En réalité, les liens entre les deux ensembles ne sont pas si importants. Hormis le récent retour de la Russie en Afrique par l’intermédiaire de Wagner, les relations sont plutôt faibles. Cela est peut-être dû au fait que l’Afrique et la Russie sont relativement pauvres (le PNB de la Russie est équivalent à celui de l’Espagne, celui de l’Afrique à celui de la France). Les deux exportent avant tout des matières premières qu’elles ne transforment généralement pas, produisent peu de biens manufacturés, bref, sont peu complémentaires.

Dans le jeu des puissances qui se joue, se rejoue peut-on dire sur le continent, et à la lumière de vos travaux, comment analyser la situation actuelle alors que la Russie réaffirme sa présence sur le continent et qu’un nouveau rapprochement s’opère entre certains pays du continent et la Russie ?

Il ne faut pas exagérer ce mouvement. Nous sommes encore loin des relations qui existent entre l’Afrique et la Chine, l’Union européenne ou les Etats-Unis, même si les Etats africains ne se sentent plus aussi liés à tel ou tel camp, comme à l’époque de la Guerre froide, passant ainsi du non-alignement au « multi-alignement » ou pratiquant, selon le mot de Bertrand Badie, l’ « union libre ». Plusieurs pays africains francophones n’ont pas voté dans le même sens que la France aux Nations Unies au sujet de la guerre en Ukraine. Notre livre ne consiste d’ailleurs pas à étudier les relations entre les deux ensembles mais à souligner leurs points communs, ce qui peut expliquer que leurs rapports soient relativement faibles, ayant quasiment les mêmes choses à s’échanger.

Quelles leçons en tirer : qui se ressemble s’assemble “mieux” ?
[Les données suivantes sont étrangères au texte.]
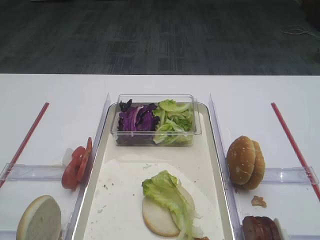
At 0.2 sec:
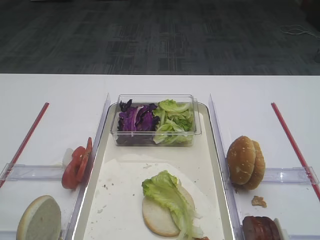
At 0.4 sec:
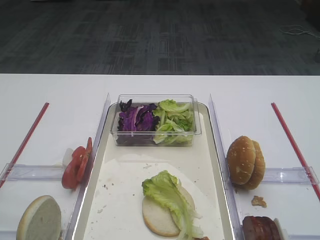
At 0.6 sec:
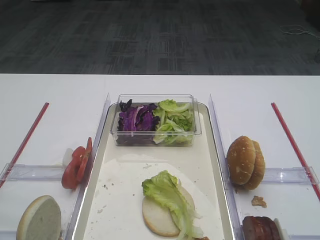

C’est loin d’être évident. Et même si c’est paradoxal à première vue, on a noté que cela s’explique. Un peu dans le même sens, il est intéressant, pour terminer, de rappeler le message qui se trouve à la fin du livre. Les points communs entre les deux ensembles pourraient favoriser davantage de liens, notamment sur le plan militaire, ce qui ne nous semble pas une bonne chose, la Russie démontrant chaque jour, à travers les horreurs que l’on voit en Ukraine, qu’elle est devenue un État actuellement infréquentable. Il est temps pour la France, qui est l’une des victimes de ces rapprochements au Sahel, de changer sa politique de coopération pour attirer enfin la sympathie des Africains.

Les raisons d’une comparaison, Afrique-Russie, Philippe Marchesin, Diana Bangoura, L’harmattan.